Metabolite Retention Time Prediction This is a call for all the experts in HPLC metabolite retention time prediction, or QSRR. Would you build a model using the following data or just give up? Please share your two cents.

Would you build a metabolite retention time prediction model with these data?

I got the a dataset from some HPLC experiments with the mission: can you build a Retention Time (RT) prediction model with these data?

I shared a Google Spreadsheet with the Retention Time of the metabolites.

We are doing metabolite identification and the plan would be to use such a model to reject candidate structures for unknown metabolites. When we would like to identify a metabolite, we will have LC-MSn data, this is retention time, mass and maybe known substructures for an unknown metabolite.

I would propose candidate structures either by mining databases like HMDB or PubChem, or via computer assisted structure generation.  Next I would use my model to predict the RT and reject those structures whose predicted RT is way off from the experimental.

My concerns about the data

  1. We have 161 metabolites with an HMDB_Id and RT (which was measured twice). Notice that 118 of these have RT between 1.1 and 10 minutes (most of them between 1.1 and 3), and only 43 metabolites have RT between 10 and 40 min. This doesn’t look well distributed. That’s the way it is.
  2. 7 Standards were added ( Tyrosine,  Adenosine,  Tryptophan,  Phenylalanine,  Biotin,  LPC-17,  LPC-19) which I could use to correct the experimental RT, like they do with Kovats Indices in gas chromatography (GC). But these standards only show RT for 77 of the 161 metabolites. What to do with this? Building a model with only 77 RTs sounds like to few data points, which could lead to over fitting the model.
  3.  How to use the standards to generate indices?
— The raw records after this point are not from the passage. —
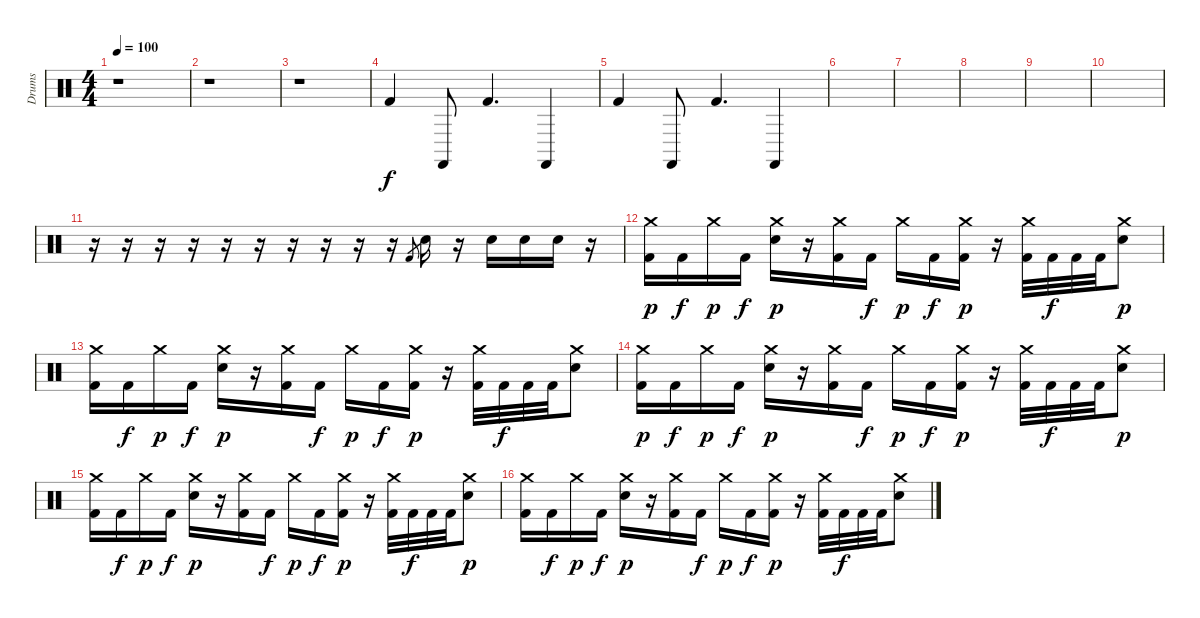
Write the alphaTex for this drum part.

\track ("Drums" "Drums") {instrument percussion}
\staff {score}
\articulation defaults
\ts (4 4)
\tempo 100
\clef neutral
\ks c
r.1{dy f} |
r.1 |
r.1 |
"Kick (hit) 2".4 "Castanets (hit)".8 "Kick (hit) 2".4{d} "Castanets (hit)".4 |
"Kick (hit) 2".4 "Castanets (hit)".8 "Kick (hit) 2".4{d} "Castanets (hit)".4 |
|
|
|
|
|
r.16 r.16 r.16 r.16 r.16 r.16 r.16 r.16 r.16 r.16 "Kick (hit) 2".8{gr} "Snare (hit) 2".16 r.16 "Snare (hit) 2".16 "Snare (hit) 2".16 "Snare (hit) 2".16 r.16 |
("Crash medium (hit)" "Kick (hit) 2").16{dy p} "Kick (hit) 2".16{dy f} "Crash medium (hit)".16{dy p} "Kick (hit) 2".16{dy f} ("Crash medium (hit)" "Snare (hit) 2").16{dy p} r.16 ("Crash medium (hit)" "Kick (hit) 2").16 "Kick (hit) 2".16{dy f} "Crash medium (hit)".16{dy p} "Kick (hit) 2".16{dy f} ("Crash medium (hit)" "Kick (hit) 2").16{dy p} r.16 ("Crash medium (hit)" "Kick (hit) 2").32 "Kick (hit) 2".32{dy f} "Kick (hit) 2".32 "Kick (hit) 2".32 ("Crash medium (hit)" "Snare (hit) 2").8{dy p} |
("Crash medium (hit)" "Kick (hit) 2").16 "Kick (hit) 2".16{dy f} "Crash medium (hit)".16{dy p} "Kick (hit) 2".16{dy f} ("Crash medium (hit)" "Snare (hit) 2").16{dy p} r.16 ("Crash medium (hit)" "Kick (hit) 2").16 "Kick (hit) 2".16{dy f} "Crash medium (hit)".16{dy p} "Kick (hit) 2".16{dy f} ("Crash medium (hit)" "Kick (hit) 2").16{dy p} r.16 ("Crash medium (hit)" "Kick (hit) 2").32 "Kick (hit) 2".32{dy f} "Kick (hit) 2".32 "Kick (hit) 2".32 ("Crash medium (hit)" "Snare (hit) 2").8 |
("Crash medium (hit)" "Kick (hit) 2").16{dy p} "Kick (hit) 2".16{dy f} "Crash medium (hit)".16{dy p} "Kick (hit) 2".16{dy f} ("Crash medium (hit)" "Snare (hit) 2").16{dy p} r.16 ("Crash medium (hit)" "Kick (hit) 2").16 "Kick (hit) 2".16{dy f} "Crash medium (hit)".16{dy p} "Kick (hit) 2".16{dy f} ("Crash medium (hit)" "Kick (hit) 2").16{dy p} r.16 ("Crash medium (hit)" "Kick (hit) 2").32 "Kick (hit) 2".32{dy f} "Kick (hit) 2".32 "Kick (hit) 2".32 ("Crash medium (hit)" "Snare (hit) 2").8{dy p} |
("Crash medium (hit)" "Kick (hit) 2").16 "Kick (hit) 2".16{dy f} "Crash medium (hit)".16{dy p} "Kick (hit) 2".16{dy f} ("Crash medium (hit)" "Snare (hit) 2").16{dy p} r.16 ("Crash medium (hit)" "Kick (hit) 2").16 "Kick (hit) 2".16{dy f} "Crash medium (hit)".16{dy p} "Kick (hit) 2".16{dy f} ("Crash medium (hit)" "Kick (hit) 2").16{dy p} r.16 ("Crash medium (hit)" "Kick (hit) 2").32 "Kick (hit) 2".32{dy f} "Kick (hit) 2".32 "Kick (hit) 2".32 ("Crash medium (hit)" "Snare (hit) 2").8{dy p} |
("Crash medium (hit)" "Kick (hit) 2").16 "Kick (hit) 2".16{dy f} "Crash medium (hit)".16{dy p} "Kick (hit) 2".16{dy f} ("Crash medium (hit)" "Snare (hit) 2").16{dy p} r.16 ("Crash medium (hit)" "Kick (hit) 2").16 "Kick (hit) 2".16{dy f} "Crash medium (hit)".16{dy p} "Kick (hit) 2".16{dy f} ("Crash medium (hit)" "Kick (hit) 2").16{dy p} r.16 ("Crash medium (hit)" "Kick (hit) 2").32 "Kick (hit) 2".32{dy f} "Kick (hit) 2".32 "Kick (hit) 2".32 ("Crash medium (hit)" "Snare (hit) 2").8

What kind of data is this? 

This is what I know so far about the experimental setup.
All reagents used were of HPLC grade purity or higher purchased at Sigma-Aldrigh (Gillingam UK).

Preparation of urine samples
Urine samples collected from healthy volunteers in the morning, 3 males and 2 females in total. The samples were diluted with water in a ratio of 1:1 (v/v). 2 ml in total when diluted This is centrifuged at 16.1 krpm at 10 oC. The supernatant is collected afterwards. 375 µl of the supernatant was transferred to a tube to add 75 µl of the academic mixture from 2.1. One urine sample consisted out of all volunteers by adding 75 µl of each volunteer to a volume of 375 µl.

Reproducibility study
Two different reproducibility were checked in positive ion settings, that of the chromatography and the fragmentation repeatability. The internal standards were used to test the reproducibility of the LC by checking the internal standards of each of the volunteers and the pooled sample. The total length of the study was 54 runs (9 runs for each sample) For the fragmentation reproducibility tyrosine (0.01mg/ml) was injected 40 times from 40 different wells and the differences in the mass to charge ratio was studied.
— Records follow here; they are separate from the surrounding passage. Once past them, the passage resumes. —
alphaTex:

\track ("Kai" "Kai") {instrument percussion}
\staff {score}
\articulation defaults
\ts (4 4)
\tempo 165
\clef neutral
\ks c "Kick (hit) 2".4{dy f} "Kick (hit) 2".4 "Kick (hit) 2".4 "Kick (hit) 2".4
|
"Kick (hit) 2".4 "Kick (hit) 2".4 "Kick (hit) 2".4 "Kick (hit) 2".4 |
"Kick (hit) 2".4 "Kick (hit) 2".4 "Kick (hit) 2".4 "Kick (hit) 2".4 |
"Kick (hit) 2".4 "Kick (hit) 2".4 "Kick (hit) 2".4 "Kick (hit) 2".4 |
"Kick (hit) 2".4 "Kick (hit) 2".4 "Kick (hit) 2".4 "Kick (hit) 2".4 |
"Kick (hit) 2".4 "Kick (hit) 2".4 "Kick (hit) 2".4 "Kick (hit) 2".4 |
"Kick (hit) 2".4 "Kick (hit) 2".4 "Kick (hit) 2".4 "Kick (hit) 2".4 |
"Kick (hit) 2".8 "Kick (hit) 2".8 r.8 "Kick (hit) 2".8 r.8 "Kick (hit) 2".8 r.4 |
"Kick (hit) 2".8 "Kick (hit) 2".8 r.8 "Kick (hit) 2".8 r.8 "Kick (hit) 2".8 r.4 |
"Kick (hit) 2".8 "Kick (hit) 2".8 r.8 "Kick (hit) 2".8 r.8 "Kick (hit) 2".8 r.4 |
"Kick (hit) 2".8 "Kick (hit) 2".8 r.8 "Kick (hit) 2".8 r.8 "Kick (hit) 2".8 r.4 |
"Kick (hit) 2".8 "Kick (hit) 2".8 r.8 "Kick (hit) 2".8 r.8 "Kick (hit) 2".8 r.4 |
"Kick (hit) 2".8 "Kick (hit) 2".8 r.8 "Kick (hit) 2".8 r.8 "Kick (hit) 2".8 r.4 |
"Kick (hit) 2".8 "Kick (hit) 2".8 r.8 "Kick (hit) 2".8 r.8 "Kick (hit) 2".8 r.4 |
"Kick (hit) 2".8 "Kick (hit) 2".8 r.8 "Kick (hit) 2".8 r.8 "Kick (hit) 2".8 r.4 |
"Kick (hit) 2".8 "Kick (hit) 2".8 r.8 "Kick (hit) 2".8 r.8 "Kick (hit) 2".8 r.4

 HPLC/LTQ Orbitrap XL operation
Samples were analyzed in positive ion mode. Samples were analyzed in a randomized order using the Agilent 1200 with a flow of 250 µl coupled to a reversed phase Atlantis C18 T3 column (ID 2.1×100, particle size 3µm,) linked  to the nano ESI (Triversa nanomate, Advion,) and LTQ-Orbitrap XL (thermo Finnegan). The column was eluted with 2 solvents to create a gradient. Solvent A consisted of: 98% H20 + 2 % Acetonitrile + 0.1 % Formic Acid (v/v), Solvent B consisted of 98% Acetonitrile+ 2% H20 + 0.1 % Formic Acid (v/v).  To provide better reproducibility a thermostat was placed over the column in order to minimize the temperature effects in the room during the day. 5 µl sample was injected each run. The injection loop of the LC was 40cm. Centroided mass spectra were acquired between the range of 60-1000 m/z using the LTQ-Orbitrap at a resolution of 60,000.All samples not in use were stored at -20 oC

If your answer is doing the HPLC experiment again

My first goal would be to use the current data to build a model and test it in metabolite identification, keeping in mind the lemma of statisticians concerning data quality “crap in, crap out”. If the data doesn’t allow me to build a model, so be it.
In any case, I might have some student doing similar experiments again, so I could redo the experiments.
  1. How would you collect enough data to make a reasonable model?
  2. Add known compounds to the urine to have more data points?
  3. Use the same standards we have used and make sure they are measured for every data point?
  4. What deviation of predicted RT from experimental is acceptable to reject candidate structures?

 

If you have any useful tip, please leave a comment or send me an email at julio{at}juliopeironcely.com

and I will be forever grateful.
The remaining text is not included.